We have \(|I_1|\leq M(2|z|)\); \(|I_2|\leq \delta\); taking into account that \(V_\zeta(z)\leq C_1 e^{4m_\zeta |z|}\), we obtain for the third term

\[ |I_3|\leq \frac{2|z|}{\pi}M(2|z|) \exp\left\{\frac{|z|}{l}\ln\frac{M(2|z|)(1+4|z|^2)}{2\delta l}\right\}. \]

Thus,

\[ G(r)\leq c\exp \frac{r}{l}\ln\frac{M(2r)(1+4r^2)}{\delta}. \]

Now, if \(P_n(z)=\sum_0^n a_k z^k\) is a segment of the Taylor series about the origin of the entire function \(G(z)\), then for \(|z|\leq R/e\) in \(\Delta_l\), when

\[ n=\left[C\frac{R}{l}\ln\frac{M(2R)}{\delta}\right] \]

(\(R\) so far arbitrary), \(|P_n(z)-f(z)|\leq 2\delta\).

In the half-plane \(\Delta_l\) outside the circle \(|z|\leq R/e\), the closeness is ensured by the weight function \(e^{-|z|^\lambda}\), \(\lambda>1\).

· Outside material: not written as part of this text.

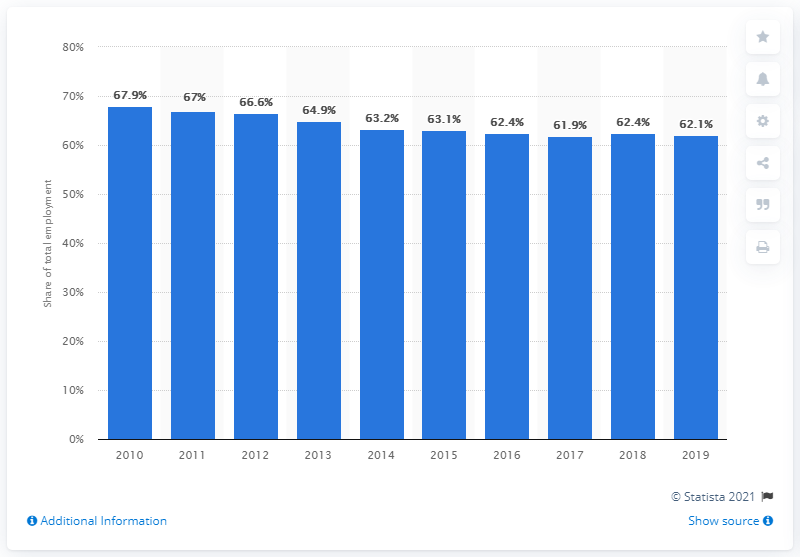Specify some key components in this picture. In 2019, the percentage of informal employment in Colombia was 62.1%.

With a suitable choice of \(R\) from the expression for the degree of the approximating polynomial, we obtain

\[ E_n\left(f,e^{-|z|^\lambda}\right)\leq \delta = C M(n^{1/\lambda})\exp\left(-\,\ln\frac{\lambda-1}{\lambda}\right). \]

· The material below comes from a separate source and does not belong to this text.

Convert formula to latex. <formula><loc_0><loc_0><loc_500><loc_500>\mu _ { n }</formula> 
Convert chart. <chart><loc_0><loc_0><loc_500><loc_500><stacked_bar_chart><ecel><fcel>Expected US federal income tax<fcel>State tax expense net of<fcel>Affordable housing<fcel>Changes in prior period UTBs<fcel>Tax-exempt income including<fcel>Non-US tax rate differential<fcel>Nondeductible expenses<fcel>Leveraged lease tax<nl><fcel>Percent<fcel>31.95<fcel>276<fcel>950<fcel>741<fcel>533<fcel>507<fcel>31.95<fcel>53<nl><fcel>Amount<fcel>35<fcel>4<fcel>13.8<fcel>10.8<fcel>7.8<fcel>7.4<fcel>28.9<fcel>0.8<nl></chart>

The case considered here, for simplicity of exposition, of a half-plane and of the weight \(e^{-|z|^\lambda}\), \(\lambda>1\), by the methods which we used in \((^5)\), is easily generalized to the case of a broader class of infinite domains and more general weights.

Received
5 V 1960

CITED LITERATURE

1. A. L. Shaginyan, Reports of the Institute of Mathematics and Mechanics, Academy of Sciences of the Armenian SSR, vol. 1 (1947).
2. A. L. Shaginyan, Reports of the Academy of Sciences of the Armenian SSR, 5, No. 4 (1946).
3. M. M. Dzhrbashyan, Metric theorems on the representability of analytic functions, Dissertation, Yerevan, 1948.
4. S. N. Mergelyan, UMN, 7, 2, 48 (1952).
5. V. A. Tonyan, Izvestiya of the Academy of Sciences of the Armenian SSR, ser. phys.-math. sciences, 11, 4 (1958).